I would like to go into a Physics grad program, because there is more you can do with physics. I know my GPA is relatively low for admission since some grad schools won't even consider me without a 3.00 at the very least, however I think my CV looks good.

Some things I have listed:
-author of capillary condensation poster presentation for my school
-co-author of capillary condensation poster accepted to the american physical society
-women in STEM accepted to physics society poster session at my school
-survey for women in stem accepted into conference "Gender and Justice in STEM Conference"
-Same survey accepted to "Women in STEM Mini Sumposium"

I also received some grants so I could continue my capillary condensation project during the summer, and I am presenting at the Gordon Research Conference this August.

How am I looking?
Post edited by skritz212 on

Replies to: Physics Grad School + Low GPA

  • CatriaCatria Posts: 10,288Registered User Senior Member
    Grad school chancing is murky at best. What could matter is whether your research experience fits what professors at the prospective schools do.
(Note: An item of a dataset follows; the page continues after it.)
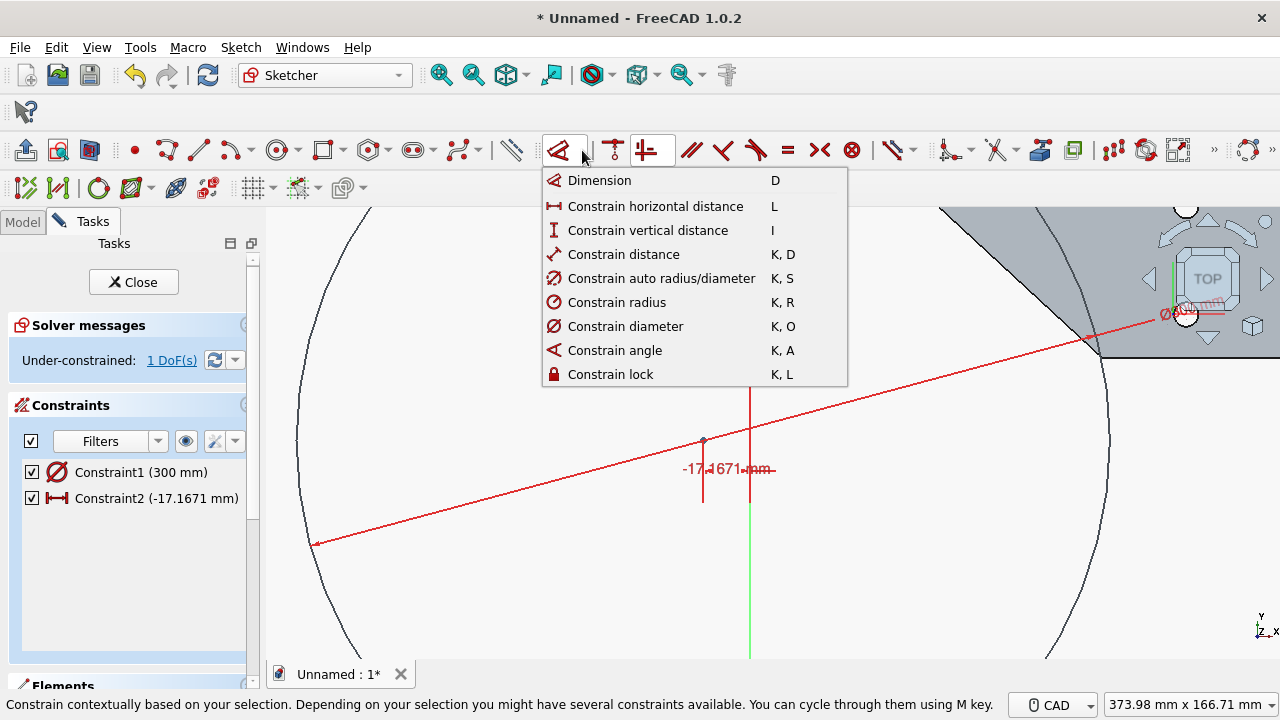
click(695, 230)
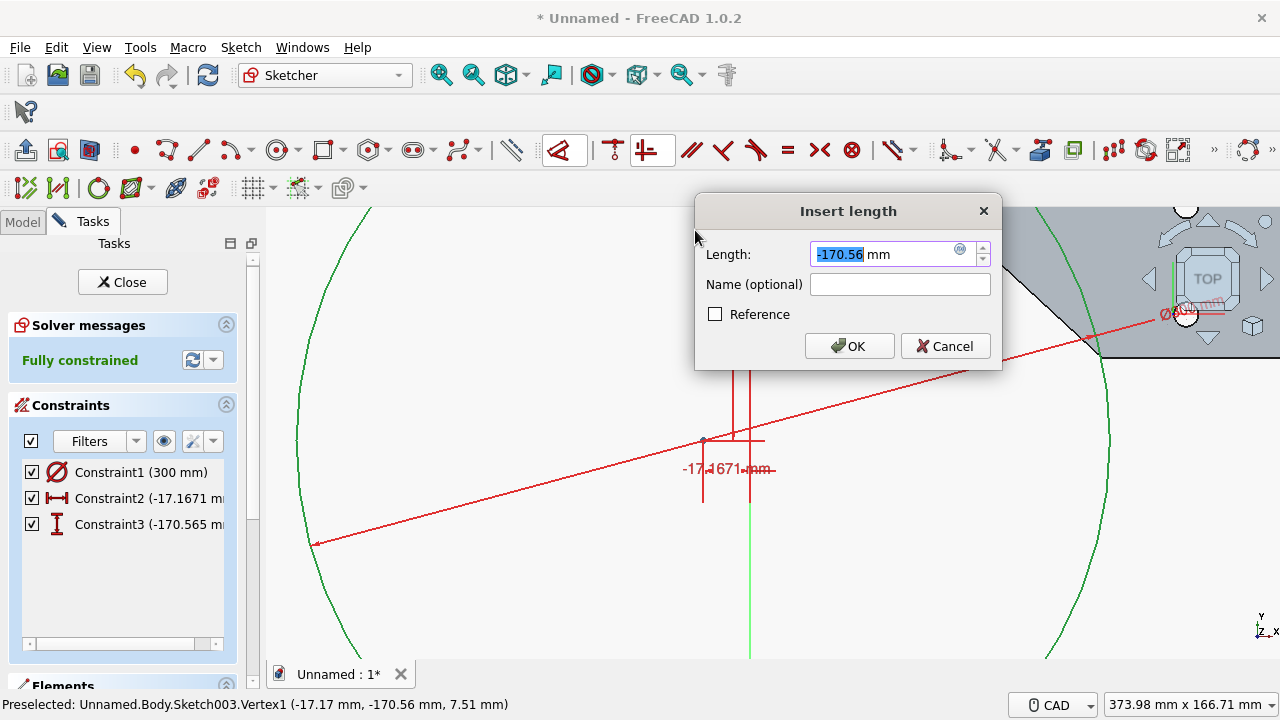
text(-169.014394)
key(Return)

    But did you take the physics GRE?
  • skritz212skritz212 Posts: 3Registered User New Member
    I am supposed to take it this year
  • skritz212skritz212 Posts: 3Registered User New Member
    And thank you for your reply, btw
  • xraymancsxraymancs Posts: 1,955College Rep Senior Member
    The things I look for when evaluating a graduate application are how well the student has done in the upper division physics courses. Is the Quantum grade a C or lower? The GRE scores are useful (both general and physics) too but grades are the most important. Of course, getting good grades does not mean that you can do good research. In fact, sometimes, those who are very good in the lab are not the best in courses. However, the fact remains that to get to the research portion of a graduate program, a student needs to pass the graduate courses with a B average and that is why we look at grades.